3

I am pulling my hair out trying to figure out what I am doing wrong. The table is very simple:

CREATE TABLE `icd_index` (
  `icd` char(5) NOT NULL,
  `core_id` int(11) NOT NULL,
  `dx_order` tinyint(4) NOT NULL,
  PRIMARY KEY (`icd`,`dx_order`,`core_id`),
  KEY `core` (`core_id`)
) ENGINE=MyISAM DEFAULT CHARSET=utf8;

As you can see, I've created a covering index that spans all three columns of the table, plus an additional index on the core_id for potential joins. This is a one-to-many link table with each core_id mapped to one or more icd. The table contains 65 million rows.

So, here's the issue. Let's say I want to know how many people have an icd code of '25000'. [That's diabetes, in case you were wondering]. I write a query that looks like this:

SELECT COUNT(core_id) FROM icd_index WHERE icd='25000'

This takes over 60 seconds to execute. I had thought that since the icd column was first in the covered index, counting it would be fast.

More confusing, once I've run the query once, it now runs very quickly. I assumed that was because the query was cached, but even if I RESET QUERY CACHE, the query now runs in fractions of a second. But, if I wait long enough, it seems to slow down again -- and I can't figure out why.

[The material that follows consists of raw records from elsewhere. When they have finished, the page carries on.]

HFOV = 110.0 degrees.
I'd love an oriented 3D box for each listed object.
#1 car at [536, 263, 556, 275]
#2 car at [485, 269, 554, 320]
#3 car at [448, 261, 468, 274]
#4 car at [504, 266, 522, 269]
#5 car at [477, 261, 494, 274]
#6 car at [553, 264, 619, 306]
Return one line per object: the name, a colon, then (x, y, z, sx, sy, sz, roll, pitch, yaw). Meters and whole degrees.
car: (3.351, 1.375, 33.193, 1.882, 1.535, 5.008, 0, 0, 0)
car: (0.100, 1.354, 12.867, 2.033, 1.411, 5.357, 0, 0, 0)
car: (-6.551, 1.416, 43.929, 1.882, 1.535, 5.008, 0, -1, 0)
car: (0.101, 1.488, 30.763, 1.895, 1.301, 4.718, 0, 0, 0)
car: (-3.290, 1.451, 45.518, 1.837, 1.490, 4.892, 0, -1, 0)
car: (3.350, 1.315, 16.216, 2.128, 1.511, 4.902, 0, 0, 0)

I am missing something obvious. Do I need an index on icd alone? Is this the best performance I can get with 65M rows? Why does running the query then resetting the cache affect speed? Are the results being stored in the index?

EDIT: I'm running MySQL 5.6 (in case that matters).

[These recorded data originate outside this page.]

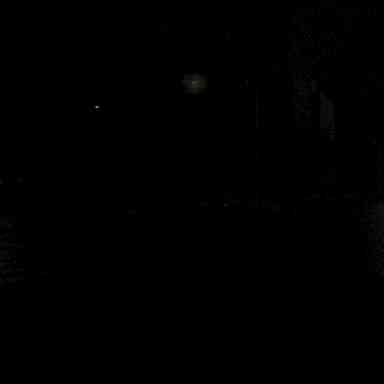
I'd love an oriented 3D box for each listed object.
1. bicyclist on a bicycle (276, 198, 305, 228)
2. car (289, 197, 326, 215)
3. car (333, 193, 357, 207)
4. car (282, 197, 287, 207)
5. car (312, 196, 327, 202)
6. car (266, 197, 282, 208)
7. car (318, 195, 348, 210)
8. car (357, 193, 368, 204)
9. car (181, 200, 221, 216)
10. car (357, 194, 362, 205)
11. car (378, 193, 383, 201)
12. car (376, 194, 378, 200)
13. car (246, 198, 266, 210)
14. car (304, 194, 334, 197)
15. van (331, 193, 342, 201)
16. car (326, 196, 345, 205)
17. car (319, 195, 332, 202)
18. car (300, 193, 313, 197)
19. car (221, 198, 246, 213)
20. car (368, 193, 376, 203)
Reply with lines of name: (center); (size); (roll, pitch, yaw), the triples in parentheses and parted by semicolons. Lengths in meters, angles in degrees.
bicyclist on a bicycle: (5.379, 1.177, 18.341); (1.656, 1.620, 0.582); (-1, 0, 35)
car: (10.852, 1.424, 31.439); (1.947, 1.339, 4.313); (0, 0, 35)
car: (20.486, 1.136, 45.344); (2.192, 1.841, 5.009); (0, 0, 35)
car: (13.484, 1.454, 50.205); (1.947, 1.339, 4.313); (0, 0, 35)
car: (26.334, 1.417, 68.746); (1.947, 1.339, 4.313); (0, 0, 35)
car: (10.175, 1.425, 45.429); (1.752, 1.417, 4.829); (0, 0, 35)
car: (17.275, 1.376, 40.709); (1.887, 1.381, 4.507); (0, 0, 35)
car: (26.909, 1.117, 54.613); (2.192, 1.841, 5.009); (0, 0, 35)
car: (0.636, 1.523, 31.663); (1.802, 1.307, 4.206); (0, 0, 35)
car: (23.699, 1.377, 49.978); (1.947, 1.339, 4.313); (0, 0, 35)
car: (42.969, 1.358, 77.786); (1.802, 1.307, 4.206); (-1, 0, 35)
car: (36.643, 1.302, 68.656); (1.752, 1.417, 4.829); (0, 0, 35)
car: (7.060, 1.493, 40.934); (1.802, 1.307, 4.206); (0, 0, 35)
car: (17.422, 1.336, 45.431); (2.128, 1.511, 4.902); (-1, 0, 35)
van: (35.967, 1.184, 82.653); (1.690, 1.788, 3.998); (-1, 0, 35)
car: (23.280, 1.353, 53.887); (1.812, 1.442, 4.674); (-1, 0, 35)
car: (29.545, 1.426, 73.380); (1.802, 1.307, 4.206); (0, 0, 35)
car: (19.909, 1.414, 59.475); (1.887, 1.381, 4.507); (0, 0, 35)
car: (3.847, 1.365, 36.298); (1.967, 1.590, 4.097); (0, 0, 35)
car: (33.334, 1.099, 63.883); (2.192, 1.841, 5.009); (0, 0, 35)

Here's the EXPLAIN of the query:

id  select_type table   type    possible_keys   key key_len ref rows    Extra
1   SIMPLE  icd_index   ref PRIMARY PRIMARY 15  const   910104  Using where; Using index
dened
  • 4,253
  • 18
  • 34
hpf
  • 428
  • 2
  • 9
  • Can you try `SELECT COUNT(*) FROM icd_index where icd = '25000'`? – N.B. Mar 08 '15 at 01:49
  • Same result. The first time I execute it, it's 70 seconds. If I re-execute it, it's instantaneous (presumably from the cache). If I reset the cache and run it, it's 0.7 seconds. I'm using MySQL 5.6 in case that matters. – hpf Mar 08 '15 at 01:59
  • Have you tried a different storage engine? MyISAM is pretty dated, I don't know if it can even utilize all the hardware goodies available these days. – N.B. Mar 08 '15 at 02:01
  • I initially started with InnoDB. But counting the whole table in InnoDB was painfully slow, so I switched to MyISAM. I don't need transactions as this DB is read only -- the data is fixed and never changes. But if switching to InnoDB would help, I'd consider (although would be hours of work to do so...) Plus I added the explain to the query, in case that's helpful – hpf Mar 08 '15 at 02:04
  • `InnoDB` has to be configured to be quick. You can choose how much RAM is going to be dedicated to InnoDB, and it uses it to store the data it works with there. 65m rows that are accessible from RAM rather than disk account for really, really fast operations. The magic variable is called `innodb_buffer_pool_size`. Alternatively, there's also `TokuDB`, another magnificent storage engine. Also, are you using a mechanical hard drive or an SSD? – N.B. Mar 08 '15 at 02:05
  • I don't know what's on the backend. I have a virtual server running windows 2012. But I have no idea what the hardware is -- so probably a mechanical drive. I wonder how much RAM the table would take? On disk, it's 3.4 GB – hpf Mar 08 '15 at 02:19
  • I only have 2GB, and that's probably the problem. I bet the table is moved to RAM, and then querying is really fast. But then something else pushes the table out, and it's slow again. Does that make sense? If so, sounds like I need to beg for more RAM – hpf Mar 08 '15 at 02:27
  • The query result is definitely getting cached. However, in the world of databases - we want to have quick access to data. That's why people use computers with lots of RAM and fast SSDs. Sadly, what's happening at your end is that the HDD is being accessed in order to build the data set, and the disk is rather slow. The way I'd go about it is getting proper hardware that can get the data back quickly (and most DBAs would do the same). – N.B. Mar 08 '15 at 02:37

3 Answers3

2

Here's what is going on.

The SELECT COUNT (...) icd_index where icd='25000'

will use the index, which is a BTree separate from the data. But it scans it in this way:

  1. Find the first entry having icd='25000'. This is almost instantaneous.
  2. Scan forward until if finds a change in icd. This will scan in the index only, not touching the data. According to the EXPLAIN, there will be about 910,104 index entries to scan over.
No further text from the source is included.